== Excerpted data
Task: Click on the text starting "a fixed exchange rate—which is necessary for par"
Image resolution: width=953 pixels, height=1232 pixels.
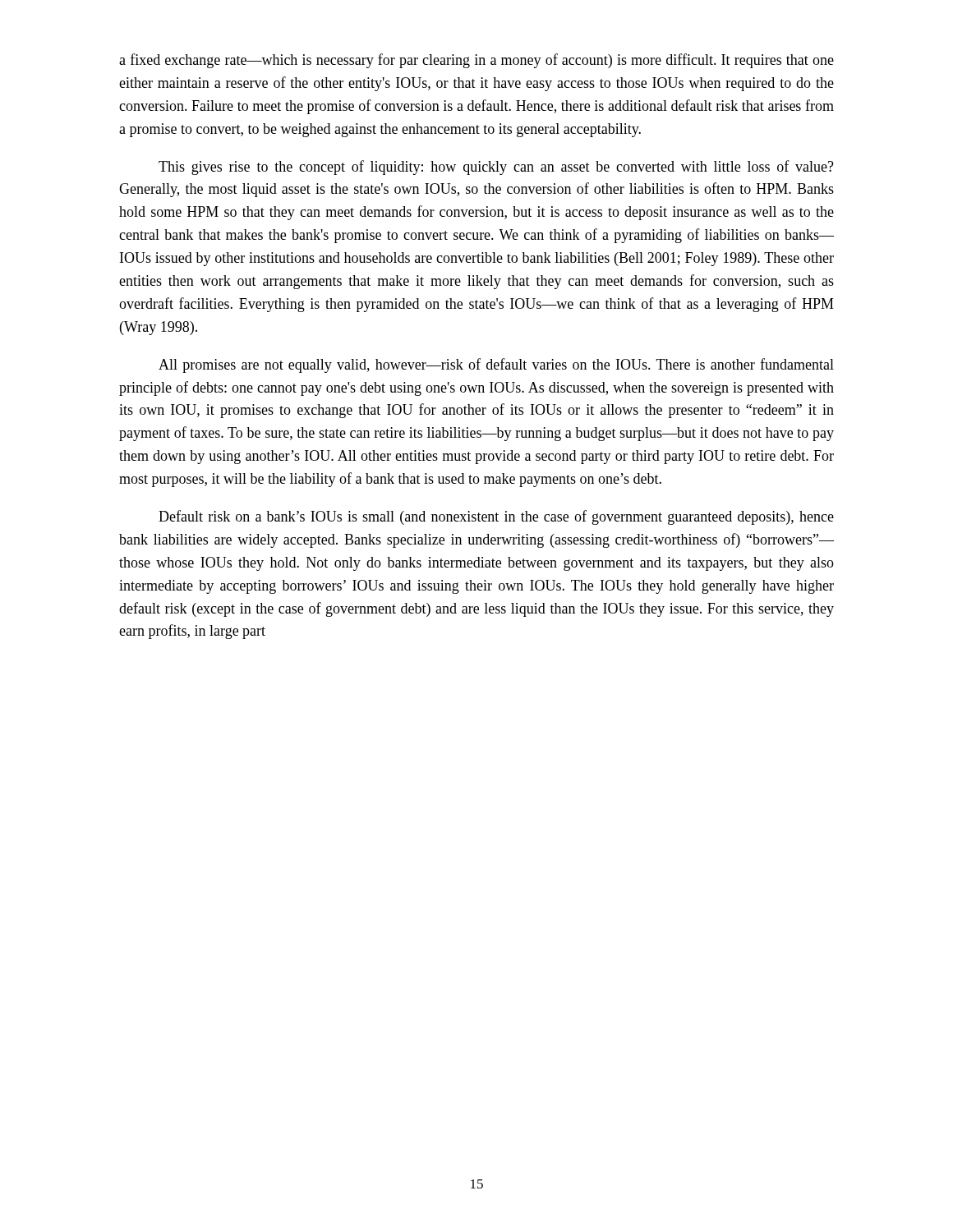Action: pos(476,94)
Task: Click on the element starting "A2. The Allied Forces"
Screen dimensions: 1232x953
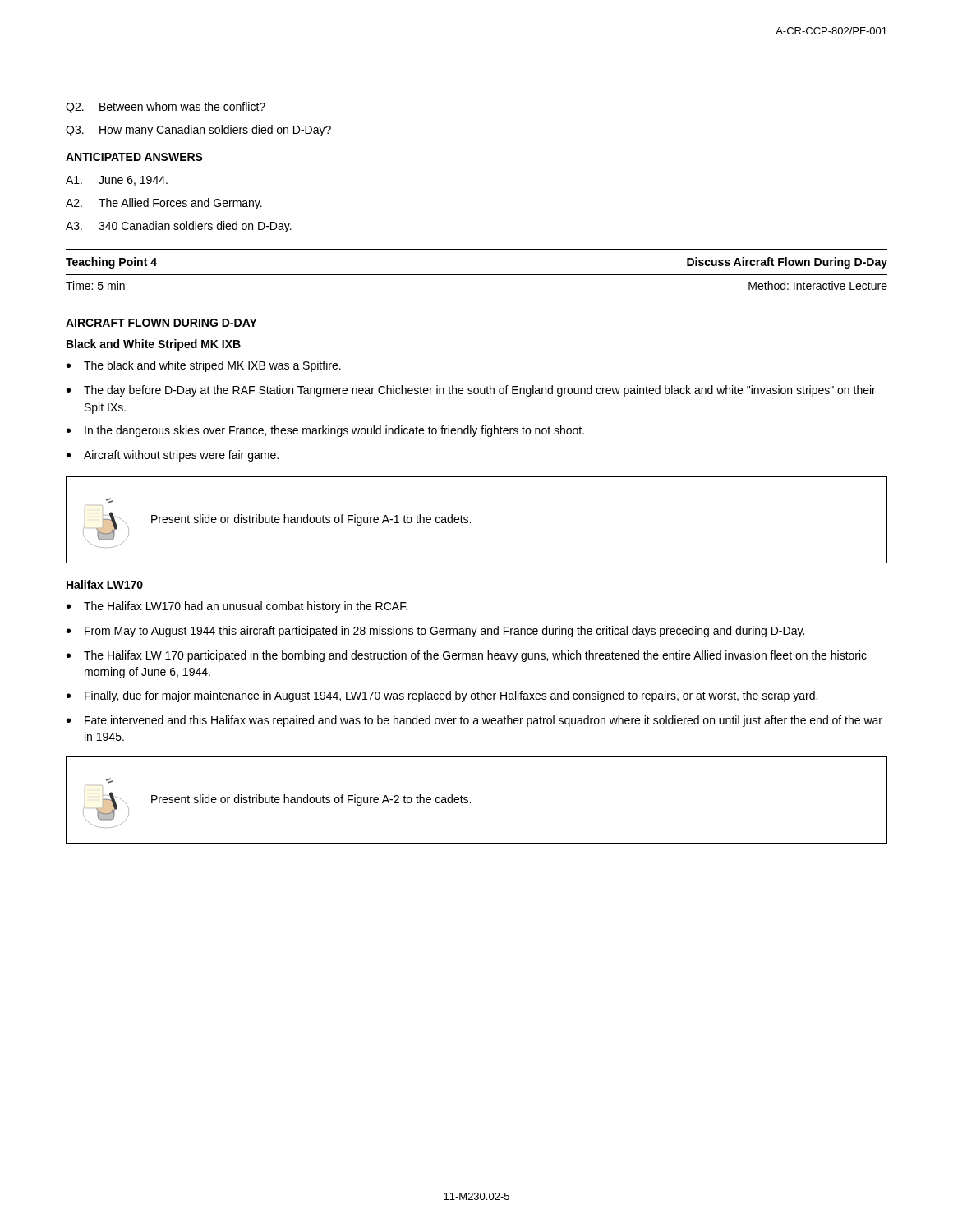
====
▶ [Problem to work on]
Leaving out every picture, transcribe exactly the lines from the line that contains "Image resolution: width=953" through the final line of the entries above.

▶ [Written response]
Image resolution: width=953 pixels, height=1232 pixels.
Action: pos(476,94)
Task: Click on the element starting "A2. The Allied Forces"
Screen dimensions: 1232x953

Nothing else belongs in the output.